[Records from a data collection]
=== Section Start ===
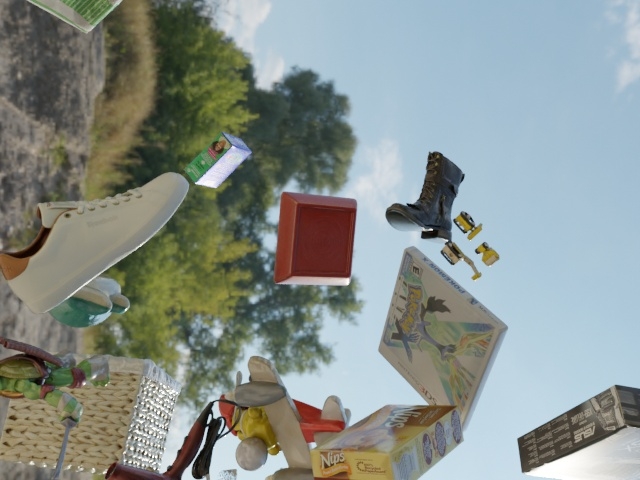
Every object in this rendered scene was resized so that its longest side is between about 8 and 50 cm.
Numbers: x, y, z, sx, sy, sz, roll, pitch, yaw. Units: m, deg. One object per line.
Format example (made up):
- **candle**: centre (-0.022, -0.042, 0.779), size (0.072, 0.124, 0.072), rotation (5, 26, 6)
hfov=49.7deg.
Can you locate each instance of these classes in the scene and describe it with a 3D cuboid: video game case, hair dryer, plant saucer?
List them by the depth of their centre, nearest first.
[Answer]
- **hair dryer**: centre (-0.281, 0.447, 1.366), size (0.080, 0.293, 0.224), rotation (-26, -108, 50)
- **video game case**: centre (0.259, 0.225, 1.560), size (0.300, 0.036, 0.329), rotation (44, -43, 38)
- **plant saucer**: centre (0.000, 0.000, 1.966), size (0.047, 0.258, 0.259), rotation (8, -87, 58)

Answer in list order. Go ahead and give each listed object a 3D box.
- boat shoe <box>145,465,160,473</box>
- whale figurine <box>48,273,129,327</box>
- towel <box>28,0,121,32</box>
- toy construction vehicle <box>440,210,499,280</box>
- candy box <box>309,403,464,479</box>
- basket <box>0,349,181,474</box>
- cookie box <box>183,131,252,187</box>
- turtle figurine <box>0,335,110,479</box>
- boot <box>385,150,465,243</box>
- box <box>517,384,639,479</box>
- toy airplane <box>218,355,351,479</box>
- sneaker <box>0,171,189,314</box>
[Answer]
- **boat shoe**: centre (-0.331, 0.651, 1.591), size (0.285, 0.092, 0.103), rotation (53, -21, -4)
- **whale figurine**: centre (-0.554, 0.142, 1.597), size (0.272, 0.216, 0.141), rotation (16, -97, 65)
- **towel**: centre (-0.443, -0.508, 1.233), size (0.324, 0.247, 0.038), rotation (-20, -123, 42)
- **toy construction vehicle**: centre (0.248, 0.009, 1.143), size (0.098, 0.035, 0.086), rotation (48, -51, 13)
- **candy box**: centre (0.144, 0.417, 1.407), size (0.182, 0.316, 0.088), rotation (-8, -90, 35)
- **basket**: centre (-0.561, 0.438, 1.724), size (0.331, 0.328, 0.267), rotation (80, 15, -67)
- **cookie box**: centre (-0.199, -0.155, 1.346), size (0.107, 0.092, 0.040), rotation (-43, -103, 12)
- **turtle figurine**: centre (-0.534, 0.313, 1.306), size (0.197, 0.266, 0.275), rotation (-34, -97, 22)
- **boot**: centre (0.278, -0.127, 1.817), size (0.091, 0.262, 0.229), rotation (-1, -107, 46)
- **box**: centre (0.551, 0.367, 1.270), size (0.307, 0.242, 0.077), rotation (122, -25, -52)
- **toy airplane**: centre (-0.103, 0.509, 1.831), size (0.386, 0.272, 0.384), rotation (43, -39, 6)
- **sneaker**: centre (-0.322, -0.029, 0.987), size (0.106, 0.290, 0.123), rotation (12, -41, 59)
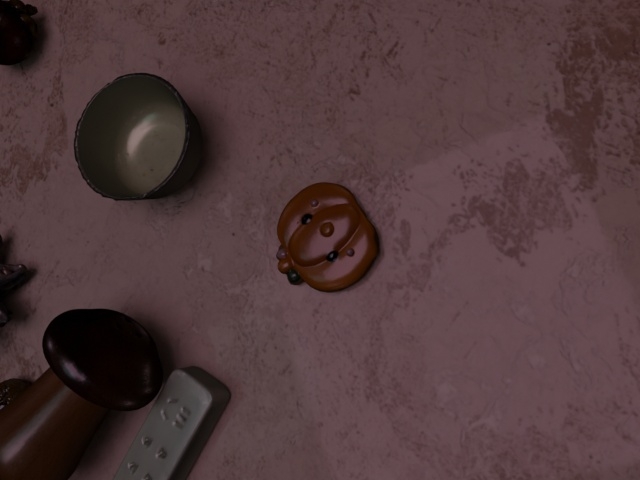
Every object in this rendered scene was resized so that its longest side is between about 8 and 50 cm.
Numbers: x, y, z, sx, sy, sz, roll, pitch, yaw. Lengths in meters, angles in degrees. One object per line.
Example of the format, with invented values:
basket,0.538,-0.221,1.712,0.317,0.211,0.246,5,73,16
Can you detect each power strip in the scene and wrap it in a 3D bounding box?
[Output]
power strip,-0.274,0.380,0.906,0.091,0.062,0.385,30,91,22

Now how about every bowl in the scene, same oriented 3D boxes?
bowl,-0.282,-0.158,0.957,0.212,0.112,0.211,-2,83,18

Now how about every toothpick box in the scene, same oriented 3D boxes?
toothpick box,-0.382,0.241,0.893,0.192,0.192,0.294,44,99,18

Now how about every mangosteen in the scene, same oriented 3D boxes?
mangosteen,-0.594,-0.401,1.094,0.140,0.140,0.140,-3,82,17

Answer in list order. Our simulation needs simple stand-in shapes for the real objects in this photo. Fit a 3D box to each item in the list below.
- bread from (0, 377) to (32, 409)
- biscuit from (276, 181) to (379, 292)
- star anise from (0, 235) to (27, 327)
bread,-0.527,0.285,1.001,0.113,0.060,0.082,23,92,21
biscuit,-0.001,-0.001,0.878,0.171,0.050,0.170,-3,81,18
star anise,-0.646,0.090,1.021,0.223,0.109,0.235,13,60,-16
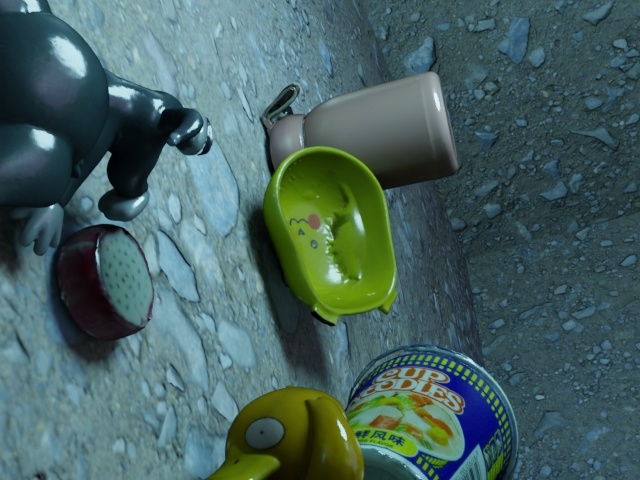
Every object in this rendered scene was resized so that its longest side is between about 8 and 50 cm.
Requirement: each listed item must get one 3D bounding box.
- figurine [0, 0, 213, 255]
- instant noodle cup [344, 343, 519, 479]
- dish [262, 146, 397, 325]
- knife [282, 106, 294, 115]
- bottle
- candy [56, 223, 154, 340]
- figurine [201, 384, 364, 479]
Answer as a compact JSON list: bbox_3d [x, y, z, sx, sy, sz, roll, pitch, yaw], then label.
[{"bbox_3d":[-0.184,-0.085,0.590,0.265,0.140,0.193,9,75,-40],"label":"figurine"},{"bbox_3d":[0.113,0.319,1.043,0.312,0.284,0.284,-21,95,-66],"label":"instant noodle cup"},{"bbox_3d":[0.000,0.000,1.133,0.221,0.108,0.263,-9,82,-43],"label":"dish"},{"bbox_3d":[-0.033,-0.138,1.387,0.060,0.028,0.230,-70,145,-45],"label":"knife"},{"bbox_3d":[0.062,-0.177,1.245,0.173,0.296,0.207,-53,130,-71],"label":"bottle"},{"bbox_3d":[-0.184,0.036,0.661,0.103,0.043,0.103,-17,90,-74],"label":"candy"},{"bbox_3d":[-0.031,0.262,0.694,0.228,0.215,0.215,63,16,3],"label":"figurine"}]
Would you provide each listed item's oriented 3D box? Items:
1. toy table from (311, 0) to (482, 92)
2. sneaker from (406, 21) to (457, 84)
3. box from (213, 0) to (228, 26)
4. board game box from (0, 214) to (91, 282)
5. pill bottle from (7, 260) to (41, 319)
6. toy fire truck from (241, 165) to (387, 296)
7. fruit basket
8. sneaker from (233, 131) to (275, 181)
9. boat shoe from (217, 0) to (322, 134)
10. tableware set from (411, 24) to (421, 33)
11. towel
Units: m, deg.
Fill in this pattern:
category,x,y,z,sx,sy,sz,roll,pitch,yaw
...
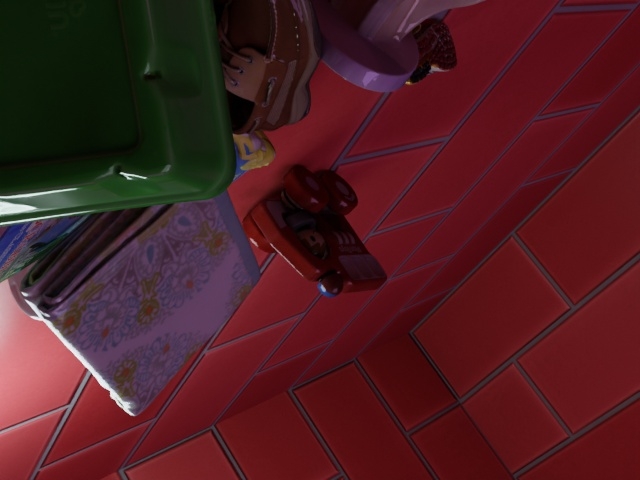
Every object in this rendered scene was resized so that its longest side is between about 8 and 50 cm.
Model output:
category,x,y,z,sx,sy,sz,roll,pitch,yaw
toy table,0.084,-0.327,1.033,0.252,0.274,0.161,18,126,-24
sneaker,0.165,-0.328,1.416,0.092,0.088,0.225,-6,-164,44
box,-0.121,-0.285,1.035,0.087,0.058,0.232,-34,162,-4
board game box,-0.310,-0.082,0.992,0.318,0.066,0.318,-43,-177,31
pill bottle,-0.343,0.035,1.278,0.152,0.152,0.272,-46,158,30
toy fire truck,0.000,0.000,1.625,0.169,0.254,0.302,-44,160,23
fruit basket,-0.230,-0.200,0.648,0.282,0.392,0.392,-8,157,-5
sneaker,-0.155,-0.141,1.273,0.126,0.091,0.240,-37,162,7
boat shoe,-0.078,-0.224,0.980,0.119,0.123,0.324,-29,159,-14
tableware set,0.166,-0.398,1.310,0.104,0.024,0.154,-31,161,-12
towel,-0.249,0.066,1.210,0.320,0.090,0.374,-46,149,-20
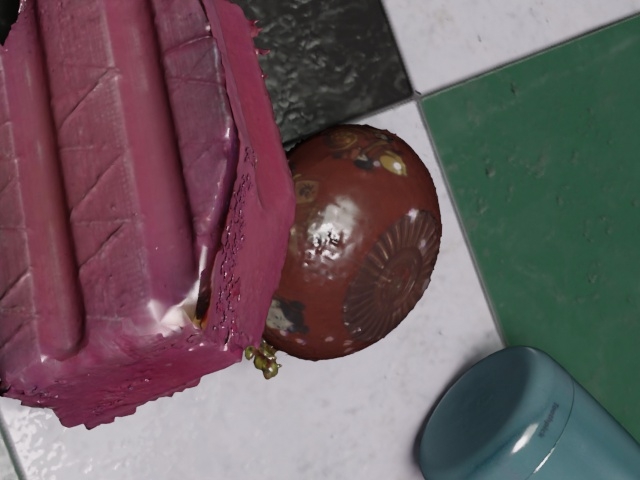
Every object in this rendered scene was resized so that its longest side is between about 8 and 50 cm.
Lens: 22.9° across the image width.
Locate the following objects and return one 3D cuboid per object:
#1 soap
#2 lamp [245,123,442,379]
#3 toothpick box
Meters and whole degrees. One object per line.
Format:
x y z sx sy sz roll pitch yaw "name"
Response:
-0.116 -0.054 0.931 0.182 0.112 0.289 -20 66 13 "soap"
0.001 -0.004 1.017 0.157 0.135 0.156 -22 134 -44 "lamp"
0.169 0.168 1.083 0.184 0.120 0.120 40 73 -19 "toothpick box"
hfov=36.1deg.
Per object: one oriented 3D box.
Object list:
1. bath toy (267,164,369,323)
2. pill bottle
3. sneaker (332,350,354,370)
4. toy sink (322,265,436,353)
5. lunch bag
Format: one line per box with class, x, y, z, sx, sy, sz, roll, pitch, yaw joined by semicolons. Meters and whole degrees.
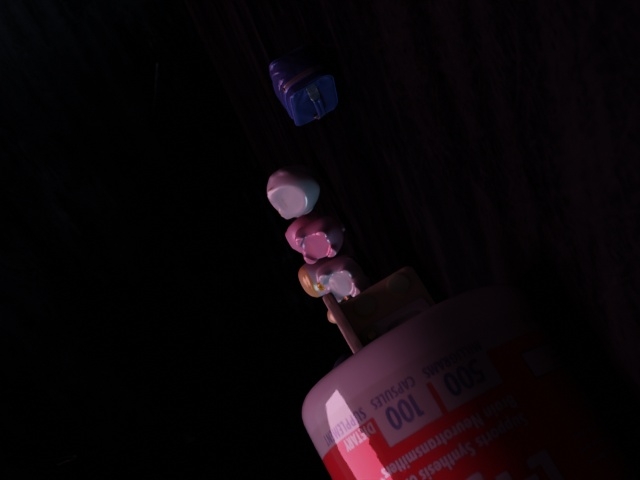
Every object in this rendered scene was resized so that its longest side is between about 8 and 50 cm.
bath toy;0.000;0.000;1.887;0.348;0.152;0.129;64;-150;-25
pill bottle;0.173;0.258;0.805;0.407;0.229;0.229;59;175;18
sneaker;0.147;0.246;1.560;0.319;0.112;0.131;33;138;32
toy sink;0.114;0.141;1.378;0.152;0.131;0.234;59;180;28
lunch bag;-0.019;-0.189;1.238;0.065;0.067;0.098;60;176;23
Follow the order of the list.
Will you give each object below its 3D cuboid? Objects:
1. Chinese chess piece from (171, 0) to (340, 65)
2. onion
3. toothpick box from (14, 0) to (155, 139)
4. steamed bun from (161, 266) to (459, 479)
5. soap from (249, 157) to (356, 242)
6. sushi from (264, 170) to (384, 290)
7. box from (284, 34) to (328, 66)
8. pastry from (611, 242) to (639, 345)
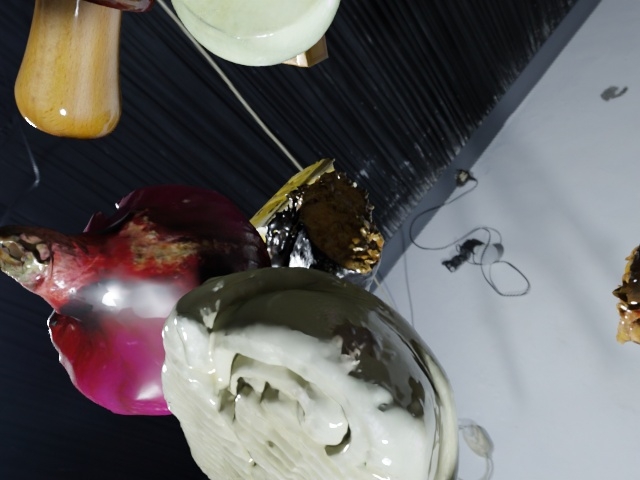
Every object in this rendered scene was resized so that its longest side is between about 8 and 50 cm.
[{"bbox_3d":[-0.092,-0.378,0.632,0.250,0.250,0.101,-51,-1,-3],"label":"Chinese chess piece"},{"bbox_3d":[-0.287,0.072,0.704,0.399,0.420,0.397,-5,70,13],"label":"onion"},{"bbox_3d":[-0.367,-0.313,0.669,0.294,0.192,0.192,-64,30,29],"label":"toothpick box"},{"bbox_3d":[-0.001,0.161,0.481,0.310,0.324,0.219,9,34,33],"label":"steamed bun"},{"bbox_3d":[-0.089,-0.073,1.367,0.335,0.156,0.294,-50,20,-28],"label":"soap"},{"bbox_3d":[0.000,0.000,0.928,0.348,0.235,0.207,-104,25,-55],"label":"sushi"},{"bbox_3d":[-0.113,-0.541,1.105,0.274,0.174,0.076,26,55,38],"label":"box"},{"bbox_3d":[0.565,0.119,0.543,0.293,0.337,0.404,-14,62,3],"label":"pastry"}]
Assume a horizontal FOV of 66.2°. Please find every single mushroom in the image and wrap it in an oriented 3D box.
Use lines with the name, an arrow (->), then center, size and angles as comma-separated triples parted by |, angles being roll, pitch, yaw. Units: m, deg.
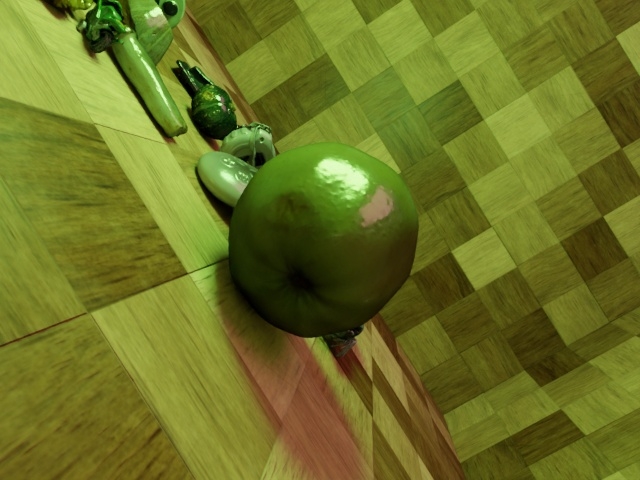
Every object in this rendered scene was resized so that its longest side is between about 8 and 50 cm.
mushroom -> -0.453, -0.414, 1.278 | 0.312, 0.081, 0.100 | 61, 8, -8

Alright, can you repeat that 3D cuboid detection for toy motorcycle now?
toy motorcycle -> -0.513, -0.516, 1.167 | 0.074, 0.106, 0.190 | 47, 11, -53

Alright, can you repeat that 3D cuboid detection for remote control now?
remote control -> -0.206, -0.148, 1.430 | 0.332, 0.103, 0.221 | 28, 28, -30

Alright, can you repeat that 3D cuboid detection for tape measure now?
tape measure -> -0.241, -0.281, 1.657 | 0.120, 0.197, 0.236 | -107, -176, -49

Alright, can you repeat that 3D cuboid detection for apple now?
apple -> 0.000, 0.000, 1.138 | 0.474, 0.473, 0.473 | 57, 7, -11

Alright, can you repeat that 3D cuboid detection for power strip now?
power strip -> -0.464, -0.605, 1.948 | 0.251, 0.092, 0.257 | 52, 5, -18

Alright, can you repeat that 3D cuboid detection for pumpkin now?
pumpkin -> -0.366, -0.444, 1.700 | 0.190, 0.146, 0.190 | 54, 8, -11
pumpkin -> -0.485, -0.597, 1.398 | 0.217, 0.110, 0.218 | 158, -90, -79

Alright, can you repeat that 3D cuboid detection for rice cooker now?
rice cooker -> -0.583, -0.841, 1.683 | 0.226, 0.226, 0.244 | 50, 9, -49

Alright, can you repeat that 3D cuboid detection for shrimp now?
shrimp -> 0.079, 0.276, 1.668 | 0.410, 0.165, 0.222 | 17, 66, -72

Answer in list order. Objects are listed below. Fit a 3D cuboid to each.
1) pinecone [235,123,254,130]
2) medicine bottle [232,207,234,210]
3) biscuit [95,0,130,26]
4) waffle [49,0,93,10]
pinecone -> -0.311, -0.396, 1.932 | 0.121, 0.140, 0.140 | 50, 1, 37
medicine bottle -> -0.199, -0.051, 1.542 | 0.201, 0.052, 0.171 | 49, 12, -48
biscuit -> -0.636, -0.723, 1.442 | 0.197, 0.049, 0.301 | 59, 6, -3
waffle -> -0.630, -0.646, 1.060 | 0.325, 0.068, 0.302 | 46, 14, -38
=== Section End ===
**Description of the task:** Extract each line holding the word "below" from the records.

**Answer to this task:**
Answer in list order. Our simulation needs simple stand-in shapes for the real objects in this photo. Fit a 3D box to each item in the list below.
Will you give each object below its 3D cuboid? Objects:
Answer in list order. Objects are listed below. Fit a 3D cuboid to each.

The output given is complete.